**What to do:** Set down exactly the lines below, starting at the one that contains "1. pill bottle" and ending at the one that contains "7. box [148,0,639,223]", with both of those lines included and nothing else.

═══ Data provided ═══

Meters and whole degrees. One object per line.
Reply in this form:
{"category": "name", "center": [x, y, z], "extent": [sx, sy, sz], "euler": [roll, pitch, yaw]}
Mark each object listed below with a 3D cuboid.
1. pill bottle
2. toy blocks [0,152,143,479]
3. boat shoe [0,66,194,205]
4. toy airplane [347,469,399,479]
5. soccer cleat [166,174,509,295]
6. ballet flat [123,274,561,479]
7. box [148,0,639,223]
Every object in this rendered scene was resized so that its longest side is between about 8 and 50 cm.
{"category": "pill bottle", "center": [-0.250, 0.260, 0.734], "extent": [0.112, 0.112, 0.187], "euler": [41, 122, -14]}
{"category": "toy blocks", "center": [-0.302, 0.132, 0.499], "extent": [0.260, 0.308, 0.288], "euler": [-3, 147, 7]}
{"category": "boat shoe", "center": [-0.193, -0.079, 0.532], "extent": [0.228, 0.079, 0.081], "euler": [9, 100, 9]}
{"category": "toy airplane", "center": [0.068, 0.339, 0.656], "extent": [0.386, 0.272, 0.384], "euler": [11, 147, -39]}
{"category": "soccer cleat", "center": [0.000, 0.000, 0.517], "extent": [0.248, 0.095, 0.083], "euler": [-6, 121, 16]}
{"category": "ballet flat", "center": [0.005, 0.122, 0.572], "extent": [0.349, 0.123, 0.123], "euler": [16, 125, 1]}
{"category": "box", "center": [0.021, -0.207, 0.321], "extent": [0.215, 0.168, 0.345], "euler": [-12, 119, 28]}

═══

**Solution:**
1. pill bottle
2. toy blocks [0,152,143,479]
3. boat shoe [0,66,194,205]
4. toy airplane [347,469,399,479]
5. soccer cleat [166,174,509,295]
6. ballet flat [123,274,561,479]
7. box [148,0,639,223]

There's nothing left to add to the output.